*** Begin section ***
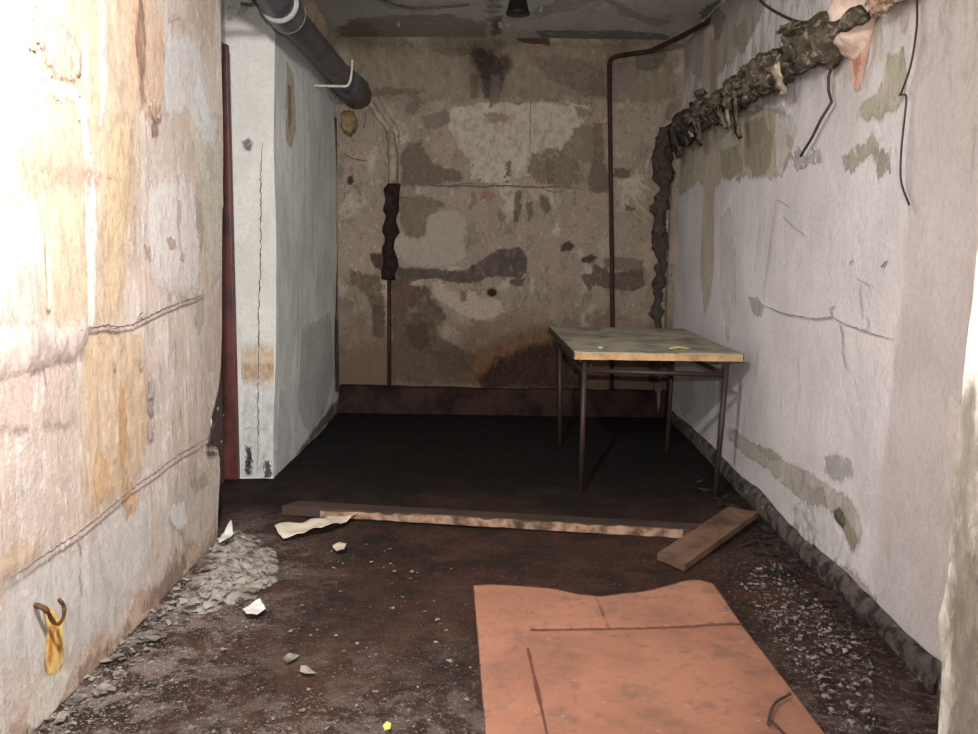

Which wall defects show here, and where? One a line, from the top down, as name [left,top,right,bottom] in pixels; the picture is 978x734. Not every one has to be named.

flaking render [32,7,94,178]
crack [81,294,206,331]
crack [244,144,266,475]
damp [350,247,527,385]
damp [335,0,765,129]
damp [513,123,631,222]
damp [679,106,796,338]
crack [763,200,890,369]
damp [841,134,891,178]
crack [6,437,209,590]
damp [728,429,860,546]
corrosion [45,607,64,675]
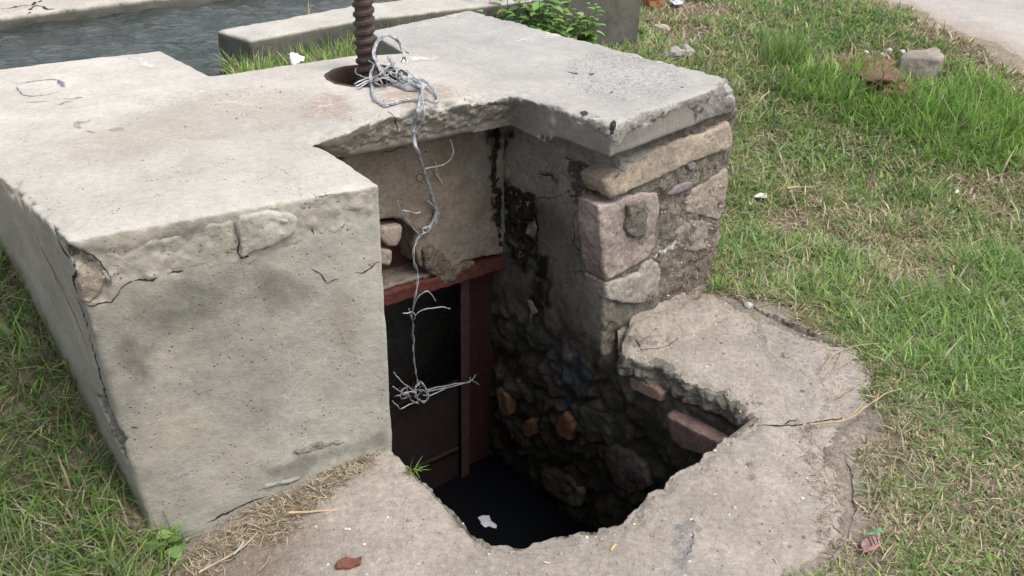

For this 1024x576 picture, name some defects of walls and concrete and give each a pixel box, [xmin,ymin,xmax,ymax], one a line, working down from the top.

spalling [341,100,523,151]
damp [486,127,551,319]
spalling [54,192,374,307]
crack [314,262,378,284]
crack [42,250,107,397]
crack [758,418,841,427]
crack [206,496,266,524]
spalling [612,493,661,536]
spalling [673,524,695,567]
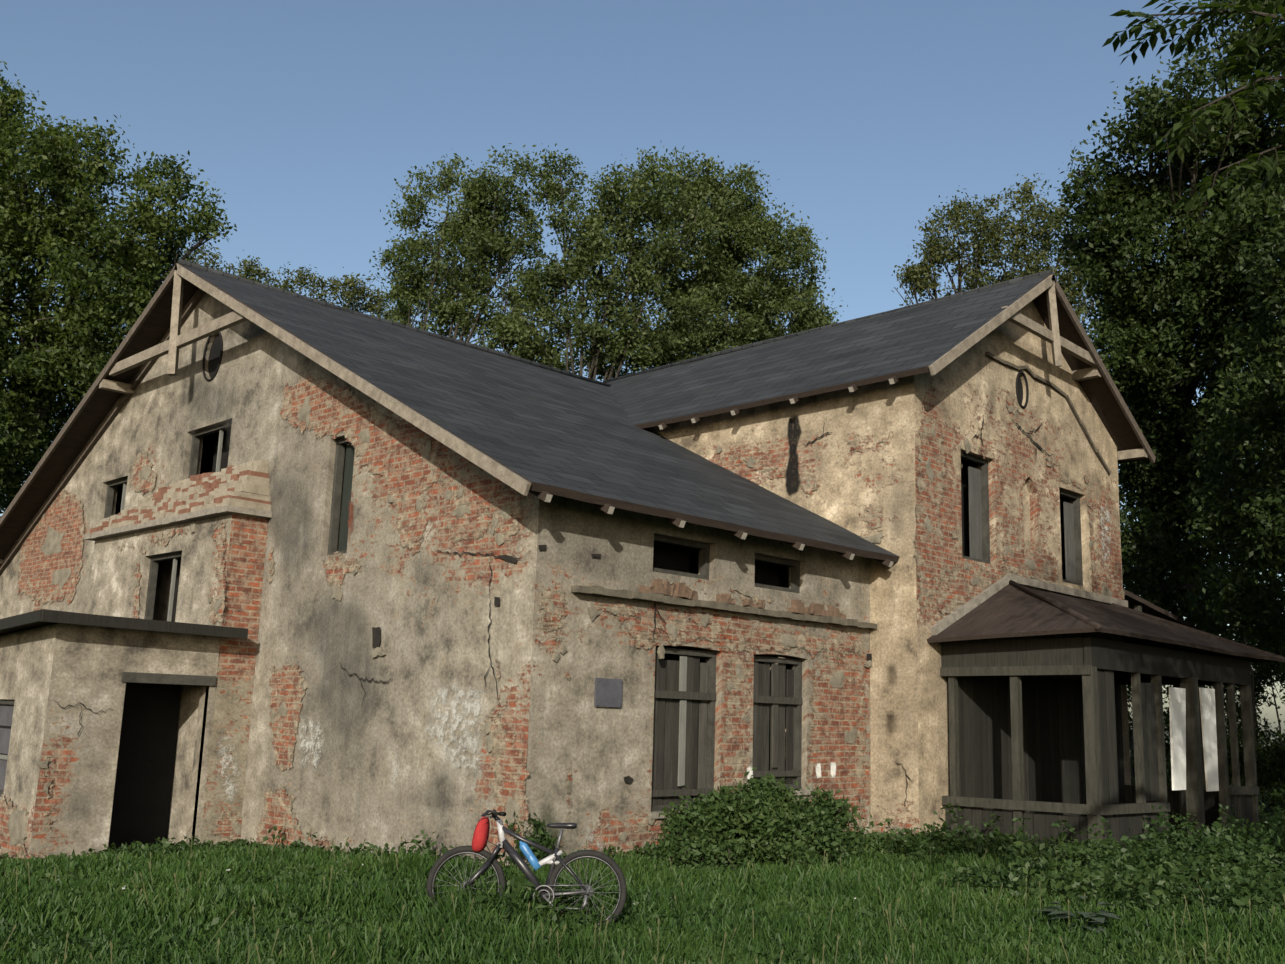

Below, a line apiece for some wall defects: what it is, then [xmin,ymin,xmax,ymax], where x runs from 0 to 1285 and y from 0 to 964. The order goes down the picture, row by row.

spalling [17,489,85,605]
spalling [208,520,228,624]
spalling [279,374,524,563]
crack [432,550,530,701]
spalling [914,416,1059,617]
spalling [1045,453,1125,599]
spalling [0,756,57,860]
crack [55,701,113,744]
spalling [212,663,342,852]
spalling [587,601,872,831]
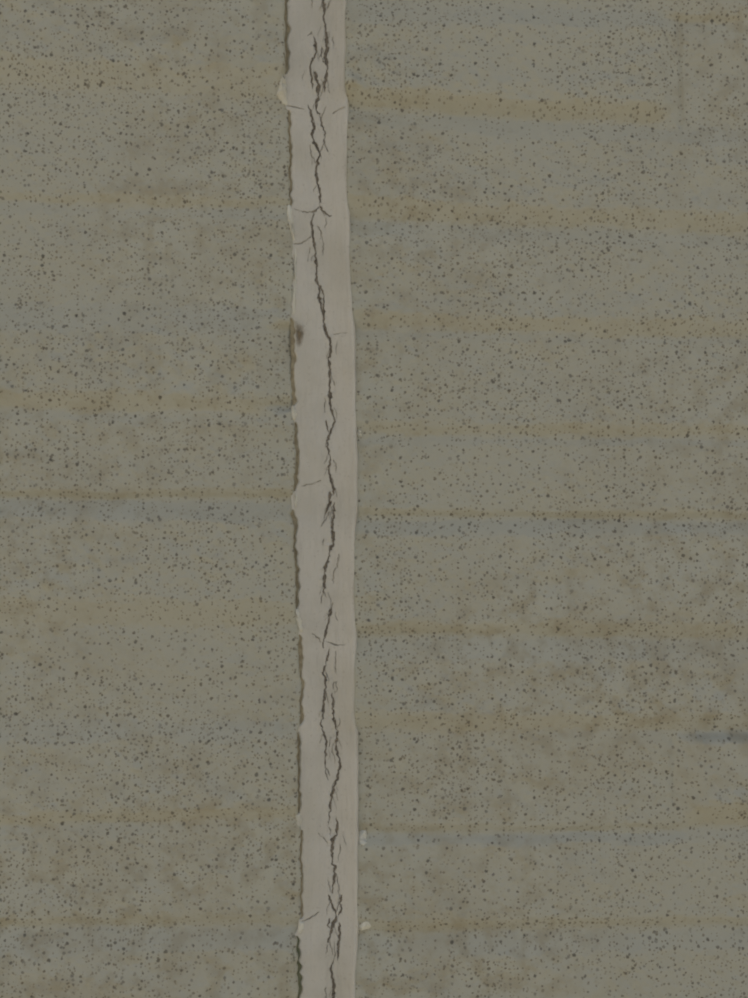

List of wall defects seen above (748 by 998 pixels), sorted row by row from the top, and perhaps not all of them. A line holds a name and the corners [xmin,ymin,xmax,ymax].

crack [291,0,346,998]
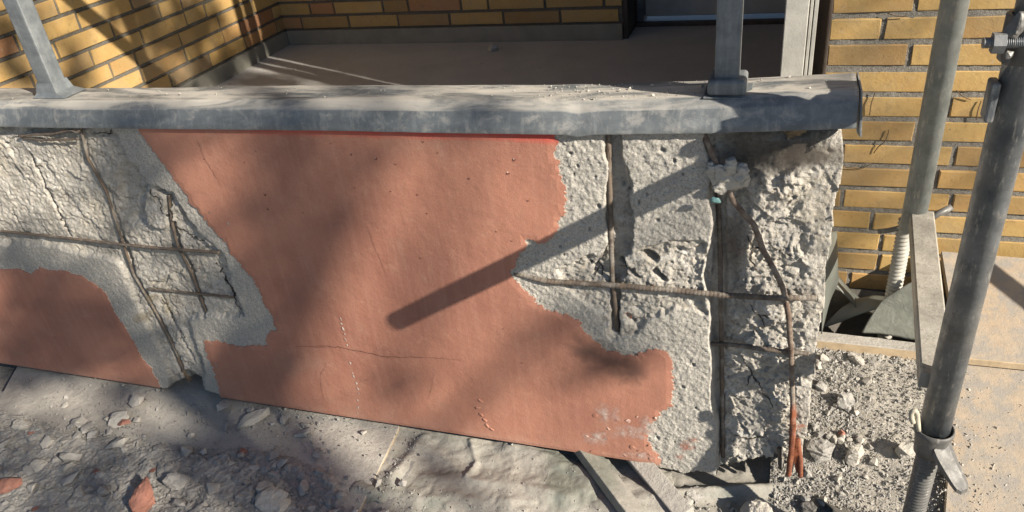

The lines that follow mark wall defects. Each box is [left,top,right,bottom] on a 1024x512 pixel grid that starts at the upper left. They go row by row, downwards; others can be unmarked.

spalling [0,127,276,395]
spalling [511,129,844,476]
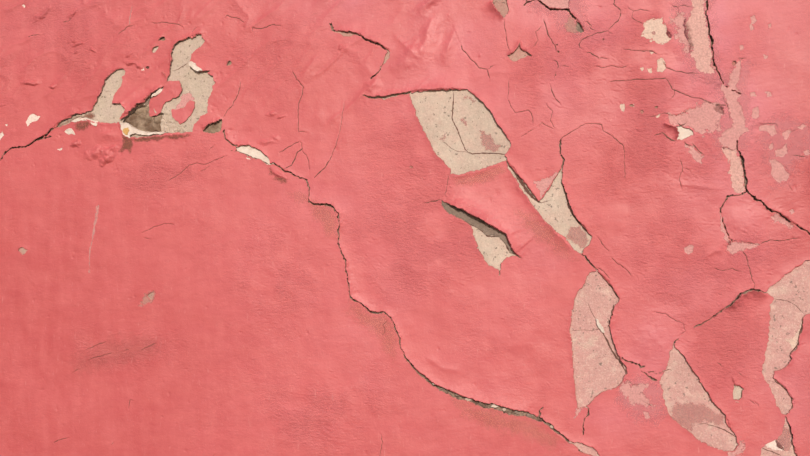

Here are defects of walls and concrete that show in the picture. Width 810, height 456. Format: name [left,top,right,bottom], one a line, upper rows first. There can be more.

crack [0,128,52,160]
peeling [50,34,225,138]
crack [329,23,388,79]
crack [271,73,589,444]
peeling [363,89,592,254]
peeling [441,200,521,276]
crack [508,0,741,170]
crack [654,140,810,347]
peeling [569,267,628,409]
crack [621,358,663,385]
peeling [659,344,738,452]
peeling [760,260,810,456]
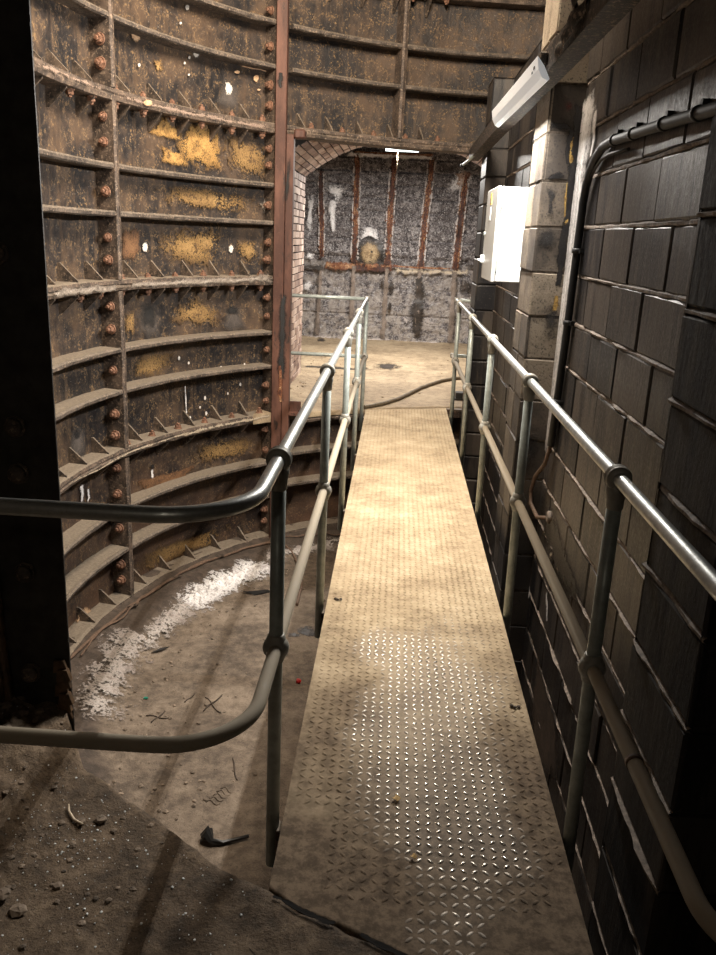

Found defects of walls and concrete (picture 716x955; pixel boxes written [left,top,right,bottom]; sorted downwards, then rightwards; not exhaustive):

damp [327,183,344,232]
rust [304,153,471,342]
rust [277,295,287,402]
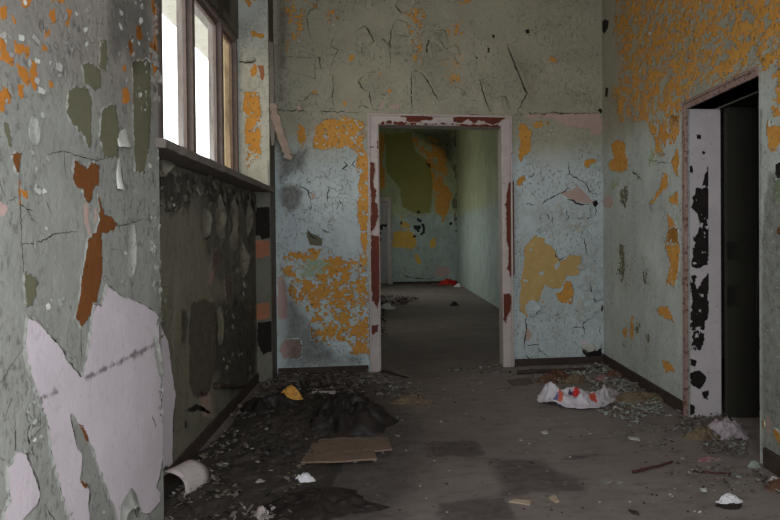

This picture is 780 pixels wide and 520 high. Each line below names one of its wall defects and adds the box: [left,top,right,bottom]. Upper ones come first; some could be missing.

crack [48,150,114,172]
flaking render [0,0,270,520]
peeling [216,0,505,379]
peeling [503,174,582,341]
crack [527,163,597,226]
spalling [581,343,602,356]
peeling [561,139,643,219]
peeling [657,305,675,323]
peeling [602,0,780,289]
peeling [690,167,709,400]
*** End section ***
## Exercise goal
Your task is to repeat the data above exactly while excluding the pictures.

## Exercise output
Which wall defects show here, and where? One a line, from the top down, as name [left,top,right,bottom] in pixels; the picture is 978x734. Not every one has to be named.

flaking render [32,7,94,178]
crack [81,294,206,331]
crack [244,144,266,475]
damp [350,247,527,385]
damp [335,0,765,129]
damp [513,123,631,222]
damp [679,106,796,338]
crack [763,200,890,369]
damp [841,134,891,178]
crack [6,437,209,590]
damp [728,429,860,546]
corrosion [45,607,64,675]

For this 1024x576 picture, name some defects of walls and concrete and give each a pixel box, [xmin,ymin,xmax,ymax], one a line, working down from the top.

spalling [341,100,523,151]
damp [486,127,551,319]
spalling [54,192,374,307]
crack [314,262,378,284]
crack [42,250,107,397]
crack [758,418,841,427]
crack [206,496,266,524]
spalling [612,493,661,536]
spalling [673,524,695,567]

Below, a line apiece for some wall defects: what it is, then [xmin,ymin,xmax,ymax], where x runs from 0 to 1285 and y from 0 to 964. The order goes down the picture, row by row.

spalling [17,489,85,605]
spalling [208,520,228,624]
spalling [279,374,524,563]
crack [432,550,530,701]
spalling [914,416,1059,617]
spalling [1045,453,1125,599]
spalling [0,756,57,860]
crack [55,701,113,744]
spalling [212,663,342,852]
spalling [587,601,872,831]

List of wall defects seen above (748 by 998 pixels), sorted row by row from the top, and perhaps not all of them. A line holds a name and the corners [xmin,ymin,xmax,ymax].

crack [291,0,346,998]

The lines that follow mark wall defects. Each box is [left,top,right,bottom] on a 1024x512 pixel grid that starts at the upper left. They go row by row, downwards; others can be unmarked.

spalling [0,127,276,395]
spalling [511,129,844,476]

Here are defects of walls and concrete that show in the picture. Width 810, height 456. Format: name [left,top,right,bottom], one a line, upper rows first. There can be more.

crack [0,128,52,160]
peeling [50,34,225,138]
crack [329,23,388,79]
crack [271,73,589,444]
peeling [363,89,592,254]
peeling [441,200,521,276]
crack [508,0,741,170]
crack [654,140,810,347]
peeling [569,267,628,409]
crack [621,358,663,385]
peeling [659,344,738,452]
peeling [760,260,810,456]

Found defects of walls and concrete (picture 716x955; pixel boxes written [left,top,right,bottom]; sorted downwards, then rightwards; not exhaustive):

damp [327,183,344,232]
rust [304,153,471,342]
rust [277,295,287,402]

This picture is 780 pixels wide and 520 high. Each line below names one of its wall defects and adds the box: [left,top,right,bottom]. Upper ones come first; some could be missing.

crack [48,150,114,172]
flaking render [0,0,270,520]
peeling [216,0,505,379]
peeling [503,174,582,341]
crack [527,163,597,226]
spalling [581,343,602,356]
peeling [561,139,643,219]
peeling [657,305,675,323]
peeling [602,0,780,289]
peeling [690,167,709,400]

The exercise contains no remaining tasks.